Pastors corner with Fr Henry Ibe


Danish philosopher, Soren Kierkegaard once said that the Bible “is very easy to understand. But we …. pretend to be unable to understand it because we know very well that the minute we understand, we are obliged to act accordingly.” There is one thing worse than ignorance, and that is when we pretend not to grasp what is obvious or turn a blind eye to an objective principle (culpable ignorance).


The aim is usually to avoid the moral imperatives implied by such realities. The experience of Jesus with his townsfolk in today’s Gospel illustrates this point. The people did not reject him because of anything wrong with his teachings or actions, but they resorted to“argumentum ad hominem” – arguing against the man. This tactic normally involves insulting or belittling one’s opponent to undermine his/her position.Having found Jesus’ teachings undisputable and his miracles undeniable, his opponents, motivated by envy and the unwillingness to repent, chose to attack his family background. It was the only way they could continue to live in their state of denial instead of responding to the message of life that Jesus brought them.

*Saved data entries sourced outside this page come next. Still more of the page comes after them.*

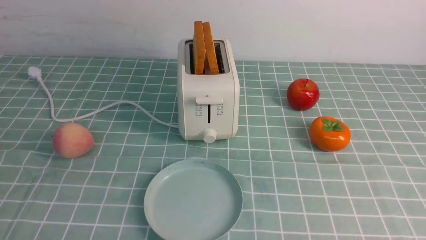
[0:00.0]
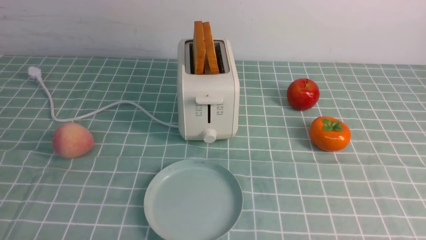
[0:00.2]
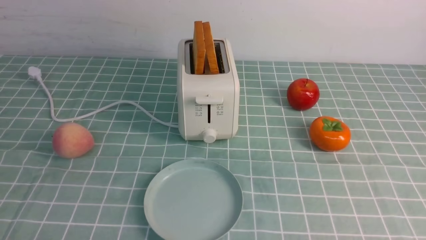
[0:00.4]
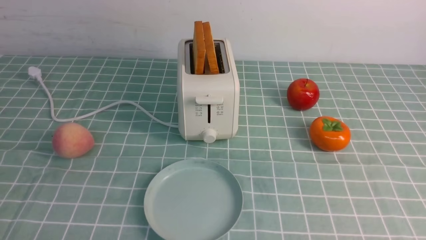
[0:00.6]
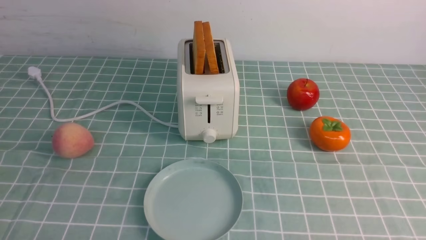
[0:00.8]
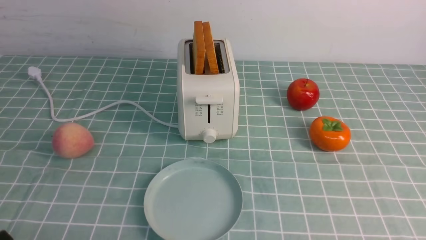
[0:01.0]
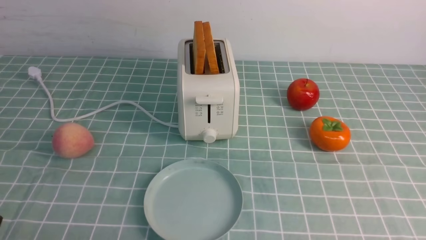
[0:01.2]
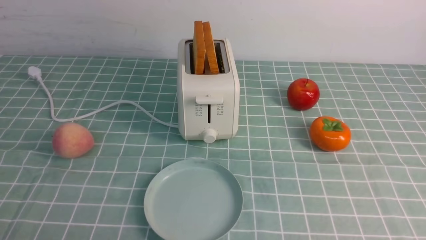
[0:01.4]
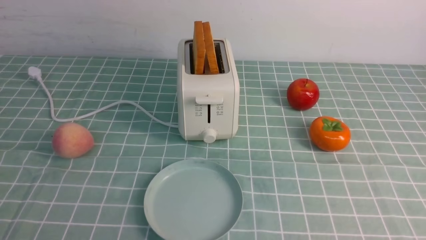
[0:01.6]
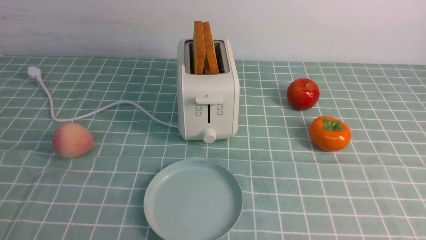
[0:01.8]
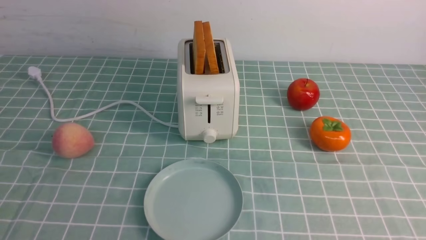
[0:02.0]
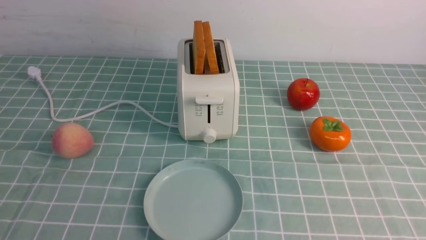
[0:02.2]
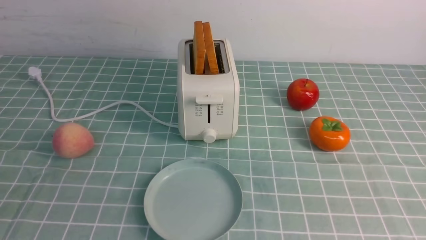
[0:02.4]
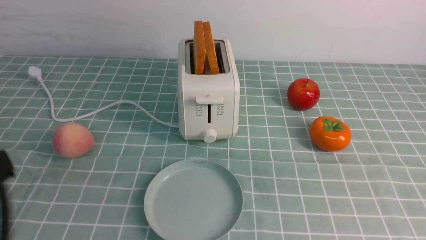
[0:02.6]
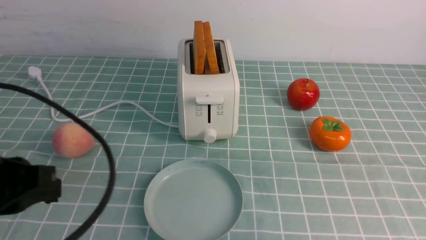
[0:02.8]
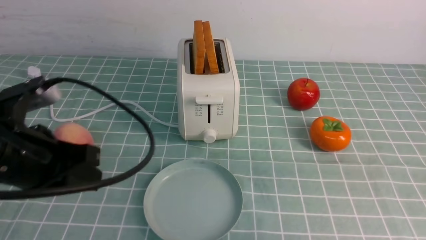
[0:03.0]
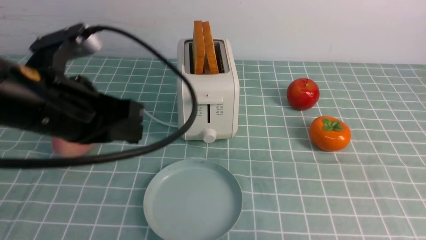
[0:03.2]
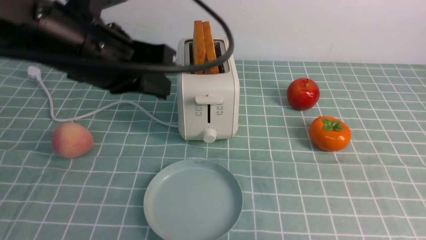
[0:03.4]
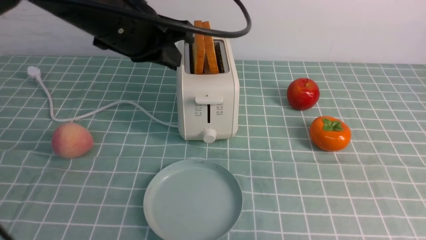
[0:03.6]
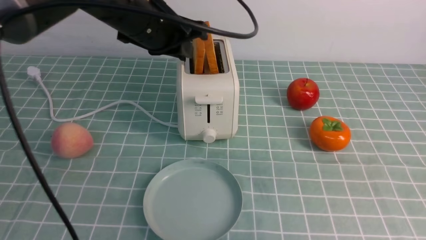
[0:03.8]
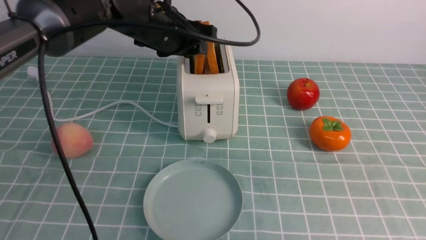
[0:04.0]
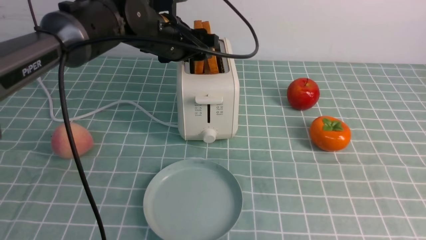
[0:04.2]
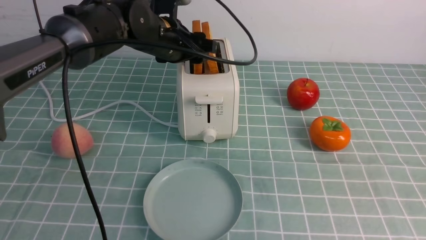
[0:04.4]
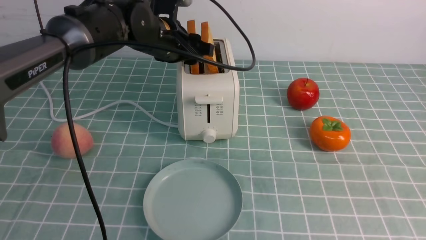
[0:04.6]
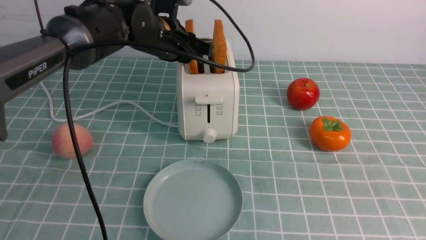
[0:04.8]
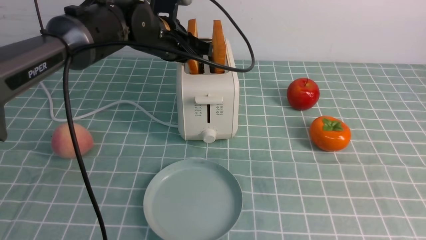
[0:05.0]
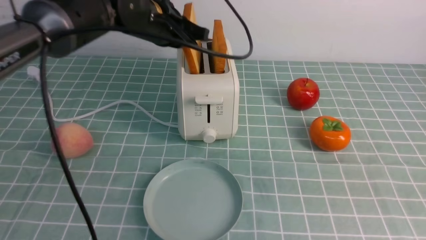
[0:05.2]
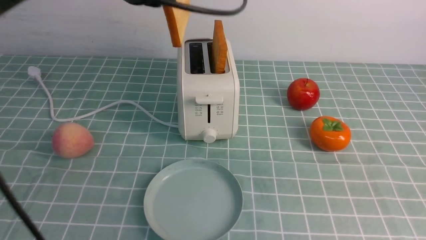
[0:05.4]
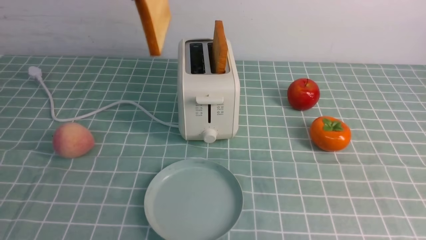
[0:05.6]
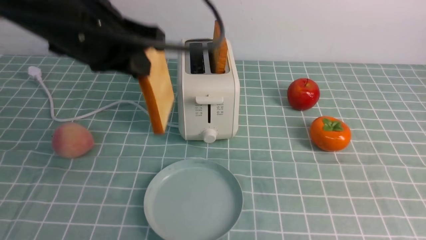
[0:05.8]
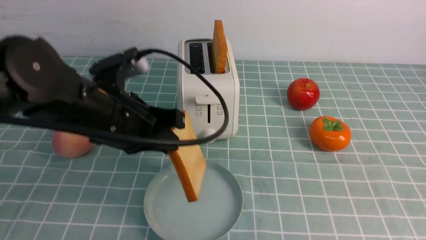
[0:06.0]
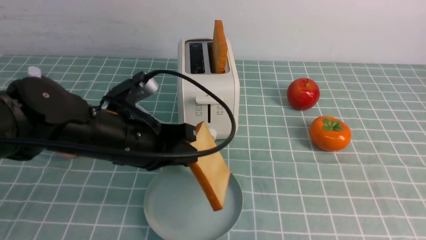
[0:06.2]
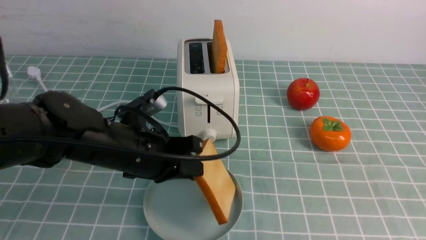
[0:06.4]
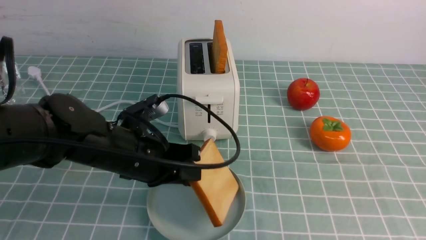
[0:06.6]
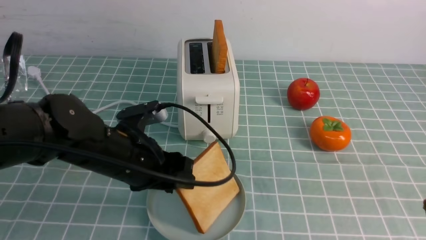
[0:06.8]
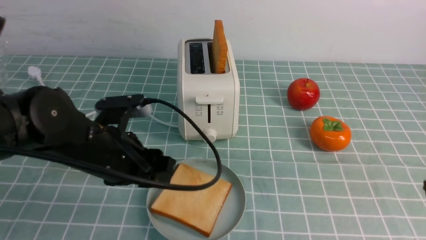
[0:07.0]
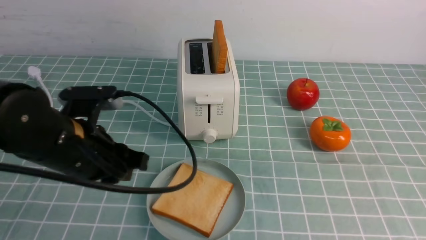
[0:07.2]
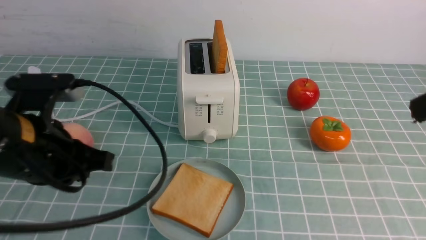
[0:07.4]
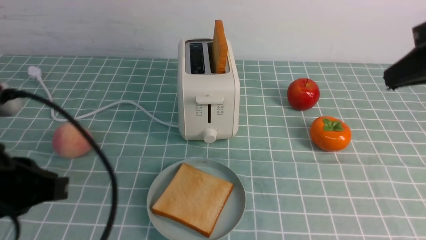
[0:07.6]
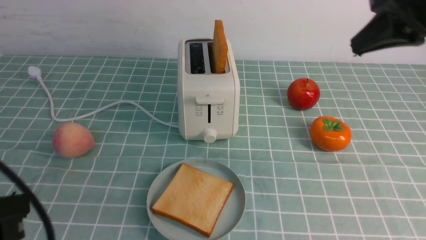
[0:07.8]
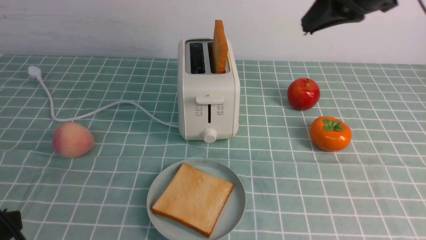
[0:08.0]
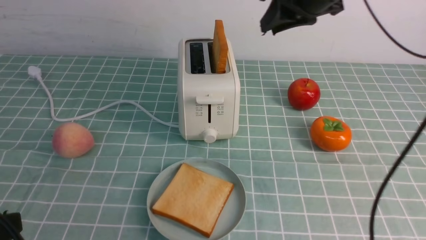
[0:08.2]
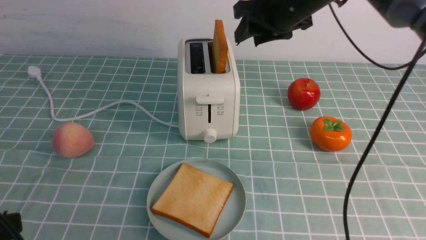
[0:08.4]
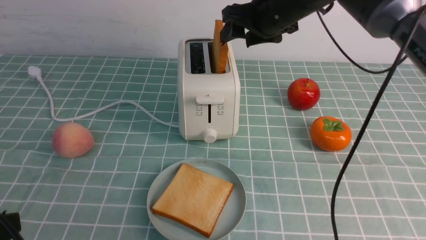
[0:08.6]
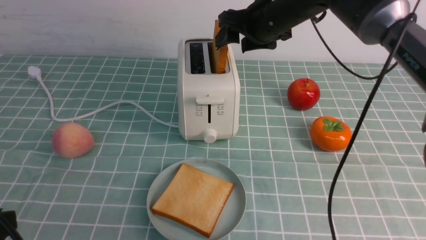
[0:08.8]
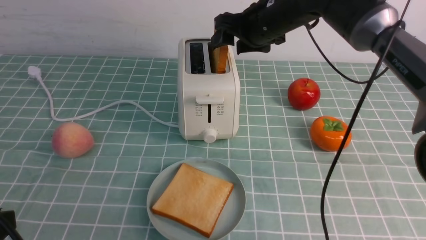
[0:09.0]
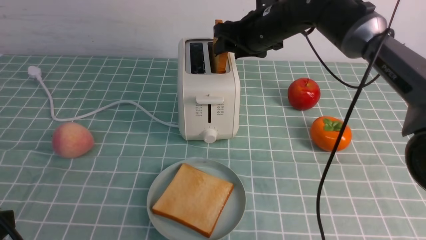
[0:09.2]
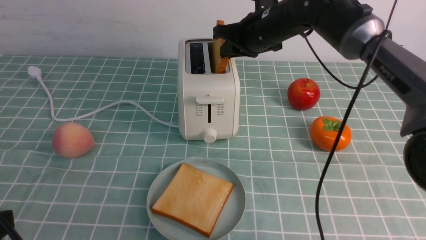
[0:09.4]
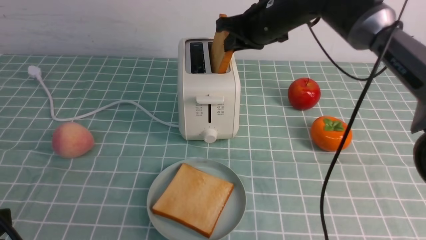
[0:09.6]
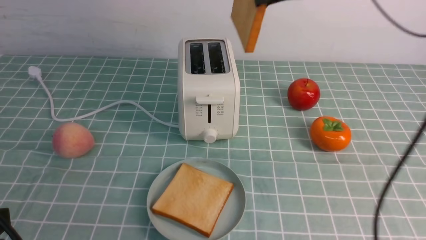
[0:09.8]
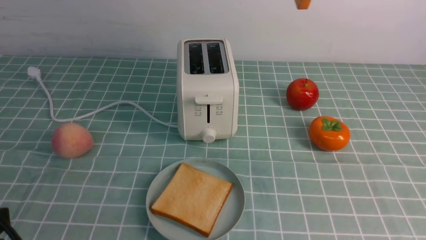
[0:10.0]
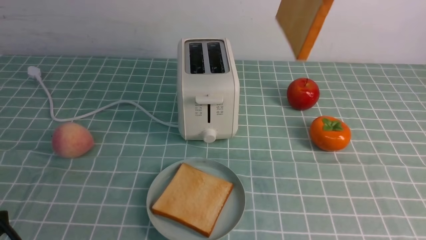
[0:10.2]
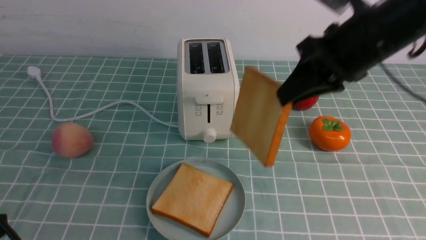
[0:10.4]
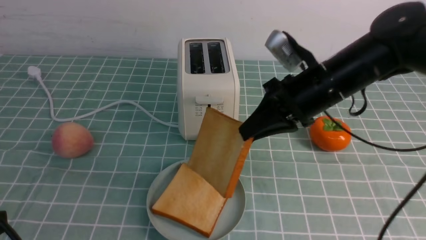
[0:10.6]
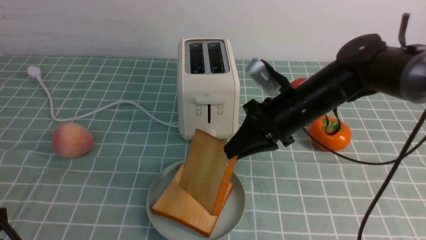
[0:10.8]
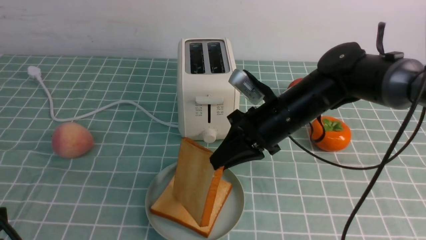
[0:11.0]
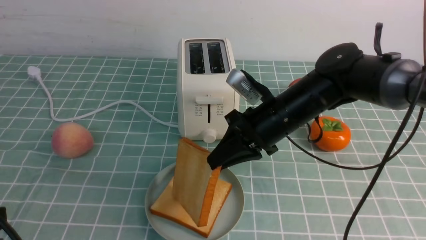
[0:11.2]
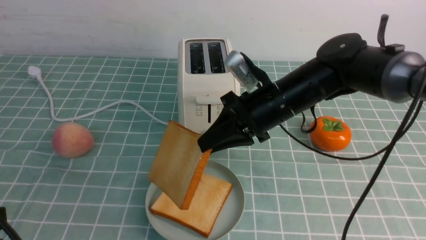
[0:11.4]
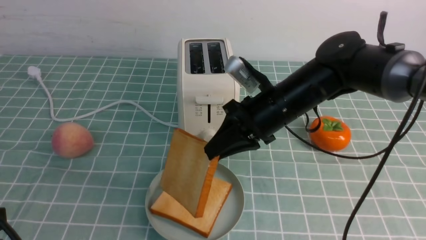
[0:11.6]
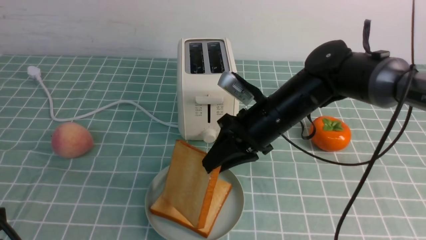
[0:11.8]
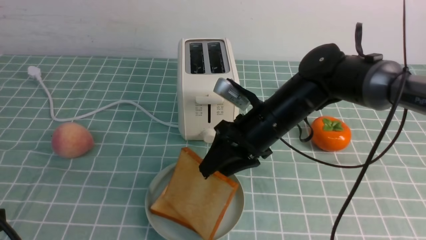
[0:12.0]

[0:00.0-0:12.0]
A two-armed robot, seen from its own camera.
Task of the whole recording: take toasted bread from bread machine on blue coffee table place on plate.
Step, 0:00.0 to 0:05.2: use the left arm to take out a slice of bread.
Step, 0:05.4 to 0:07.0: use the left arm to put a slice of bread into the empty plate.
Step, 0:07.2 to 0:09.6: use the right arm to take out a slice of bread.
0:01.6 to 0:03.0: The left gripper travels forward and upward by about 15 cm, and closes.
0:03.0 to 0:04.4: The left gripper shifts some 30 cm forward and to the right, and opens up.
0:04.4 to 0:06.0: The left gripper is displaced backward by about 15 cm, and closes up.
0:06.0 to 0:07.6: The right gripper travels upward and forward by some 10 cm. The left gripper goes about 15 cm backward and to the left, travels downward and back again, approximately 10 cm each way, and opens, then closes once more.
0:07.6 to 0:09.0: The left gripper shifts about 10 cm backward; the right gripper is displaced forward and to the left by about 30 cm, and opens up.
0:09.0 to 0:10.4: The right gripper moves backward, to the right and upward, some 15 cm, and closes its fingers.
0:10.4 to 0:12.0: The right gripper is displaced downward and to the left by roughly 20 cm, and opens up.

This sort of rejection and hostility towards the truth did not start with the Lord; it goes back to the very beginnings of the prophetic ministry. In the Old Testament, the prophets were harassed and persecuted because the people found their message discomfiting. Queen Jezebel killed several prophets during the time of Elijah (I Kings 18:4, 13; 19:14). Zechariah was stoned to death on the orders of King Joash (2 Chron. 24:21). And under heavy persecution and threat to his life, Elijah cried out to God: “The Israelites have rejected your covenant, broken down your altars, and put your prophets to death with the sword. I am the only one left, and now they are trying to kill me too” (1 Kings 19:10). But these prophets were not fazed by the persecutions; instead they spoke with greater audacity, because they knew that the Lord was their strength. Thus, Jeremiah was still able to say to the people: “Therefore now amend your ways and your doings and obey the voice of the Lord your God; and the Lord will repent of the evil that he hath pronounced against you” (Jeremiah 26:13).

It is no easier to preach the Gospel today than it was for the Lord and the early Christians. More Christians were martyred in the 20th century than in all the other centuries put together. And there is no sign that this persecution is abating. Recent years have seen vicious attacks against Christians in places like Iraq, Nigeria and Syria. Even in the Western world where there is no serious threat to life, the Church is constantly bombarded by a rabid antichristian and antilife lobby, making use of a well-oiled, sophisticated media campaign. Christianity, the foundation-stone of Western civilization is struggling for its very existence in the Western world.

Consequently, with the barrage of media attacks on the Church and its leadership, Catholics find their faith besieged by forces opposed to God, to the Church, to the sanctity of human life, and to the traditional family values that we cherish so much. It is not uncommon today to be ridiculed on account of being open to life and having a large family or disciplining one’s children in the traditional way. How many people today are too shy or embarrassed to bless their food in public, and how many have lapsed in their faith because society has made it seem obsolete or “uncool”? How many of us at Mass today have a spouse, a child, a sibling, a parent or a friend that has stopped going to church?

At the personal level, the effects of sinful rebellion and arrogant presumption are the same in every generation. Many people, failing to keep their marital or religious vows, would rather blame the Church for being too “strict” or “insensitive” to modern life. When students are too lazy to do their homework, they blame the teachers. When people can’t keep the traffic rules they blame the government or the police. When governments fail to deliver on their promises they blame the opposition. It does not matter the area of life, it is the same principles at work. People would rather pass the buck or shut out the voice of reason than acknowledge their failings and amend their ways.
But it’s not all over yet! Jesus’ promise to be with the Church for all ages still stands. We must not lose heart or think it’s not worth it hanging in there. Jesus says: “Blessed are ye, when men shall revile you, and persecute you, and shall say all manner of evil against you falsely, for my sake. Rejoice, and be exceedingly glad: for great is your reward in heaven: for so they persecuted the prophets which were before you (Matthew 5: 11, 12). As people of faith, we must rest assured that the Lord will vindicate his people in the end. As Scripture says: “You will be hated on account of my name but not a hair of your head will be lost. Your endurance will win you your lives” (Luke 21:17-19). The rejection at Capernaum did not stop Jesus from carrying on with his mission, it only meant that the people there denied themselves the full benefits of his salvific presence.

Therefore, when we feel like giving up, thinking it’s no longer worth it, let us remember that it happened to Jesus too, and he says: “If the world hates you, keep in mind that it hated me first” (John 15:18). We must persevere to the very end for, in the end, it will not matter when, where, or how we die; what will matter in the end is what we die for. Let Jesus be our reason!

May the Lord help us to stay on the message of the Gospel and not give in to the threats of the enemy! Amen!